Making multicore CPUs work in embedded communications designs

November 9th, 2009

3As network traffic gets more voluminous, diverse, and unpredictable, the solutions that used to work well are being overtaxed. A new heterogeneous multicore architecture comes to the rescue.

Traffic volume in both enterprise and carrier networks continues to rise exponentially, scaling from 10 Gbps to 40 Gbps and likely to rise to 100 Gbps in the near future. This rapid growth has been fueled by a combination of more network users, more devices and end points (like PCs, servers, mobile phones, IP phones, and IP set-top boxes), more applications carried by the converged network (such as VoIP, IPTV, P2P, Web 2.0, and network attached storage), and greater bandwidth demands by those applications.

Communications equipment manufacturers must build products that support application- and service-specific requirements. This involves meeting today’s performance needs with integrated security capabilities, content awareness, and the flexibility and programmability to handle the long list of applications ranging from the evolutionary to the yet unknown.
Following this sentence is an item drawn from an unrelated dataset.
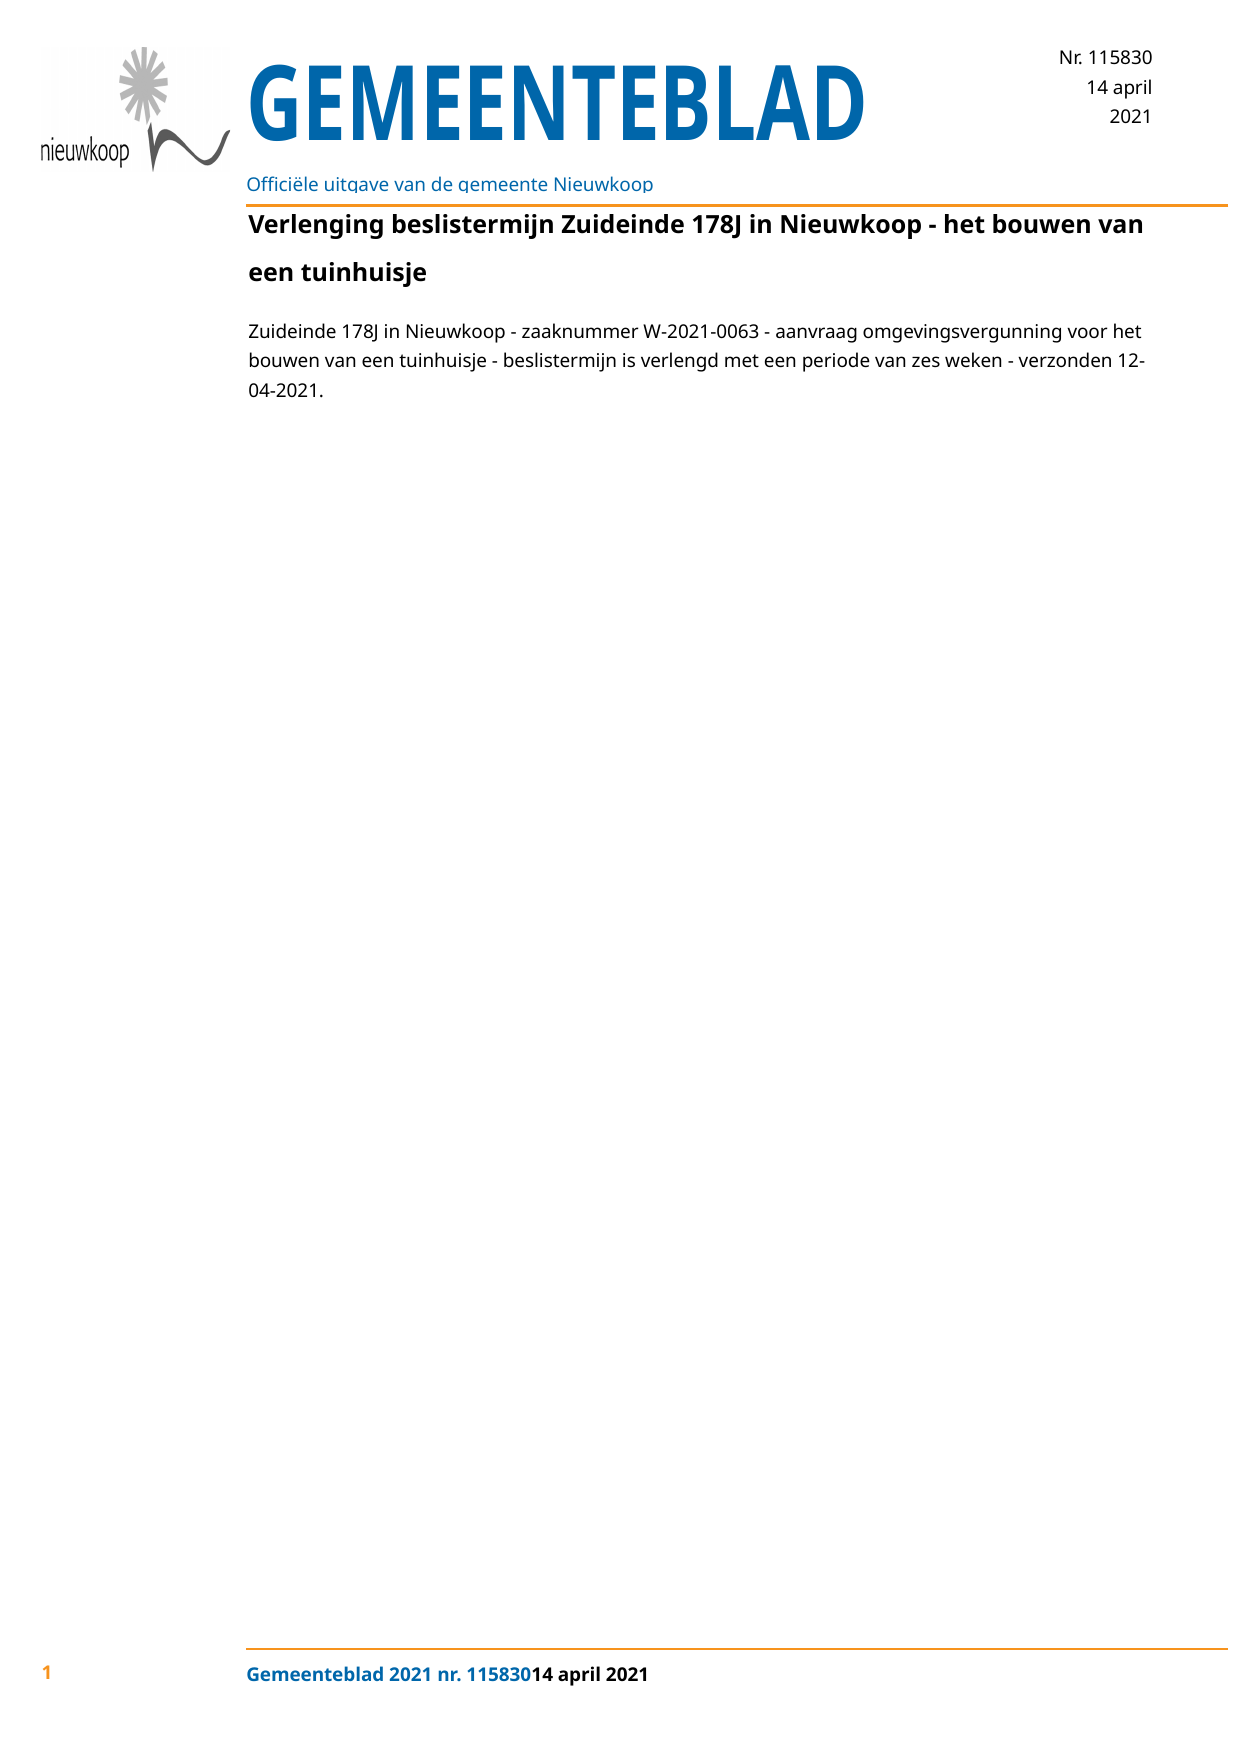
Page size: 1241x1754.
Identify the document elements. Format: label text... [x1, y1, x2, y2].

picture [41, 47, 231, 172]
text Zuideinde 178J in Nieuwkoop - zaaknummer W-2021-0063 - aanvraag omgevingsvergunning voor het bouwen van een tuinhuisje - beslistermijn is verlengd met een periode van zes weken - verzonden 12-04-2021. [248, 318, 1152, 403]
text Verlenging beslistermijn Zuideinde 178J in Nieuwkoop - het bouwen van een tuinhuisje [248, 207, 1152, 288]

Designing intelligent data plane applications

Enterprise and carrier networks contain numerous devices that provide a myriad of network and security functions including Deep Packet Inspection (DPI), test and measurement, service assurance, intrusion prevention, data loss prevention, firewall, load balancing, and many others. Regardless of the specific function these devices perform, they often share several common characteristics.

First and foremost, these networking devices forward traffic through the network based on much more than basic L2-L3 information. Their primary purpose is running a data plane application that utilizes information across L2-L7 to either make intelligent, content-based forwarding decisions or analyze and assess flow quality. These devices are essentially hosts for applications that are fully involved in packet forwarding. These applications are computationally intense and have generally been written to x86 architectures. Because these applications are deployed in-line, they must not have a negative impact on network throughput or induce latency.

To address the many places within enterprise and carrier networks where data plane applications reside, manufacturers offer a scalable range of products optimized for price, performance, interface types and density, and reliability (see Figure 1). These products range from fixed-configuration devices on the low end to configurable appliances in the mid range and modular chassis on the high end. A common engineering goal is to regularly increase total performance across the product line. Custom application development per hardware device can be avoided by implementing a single design across the entire product line.

Figure1
Figure 1: Products for intelligent data plane applications range from fixed-configuration devices to modular chassis.
(click graphic to zoom by 1.8x)

Engineering challenges: Performance and intelligence

Designers of high-performance, intelligent data plane applications who are considering using multicore CPUs will face numerous product requirements that introduce significant engineering challenges, including:

·    High data rates: Applications must be able to operate at 10 Gbps today and are rapidly moving to 40 Gbps and beyond.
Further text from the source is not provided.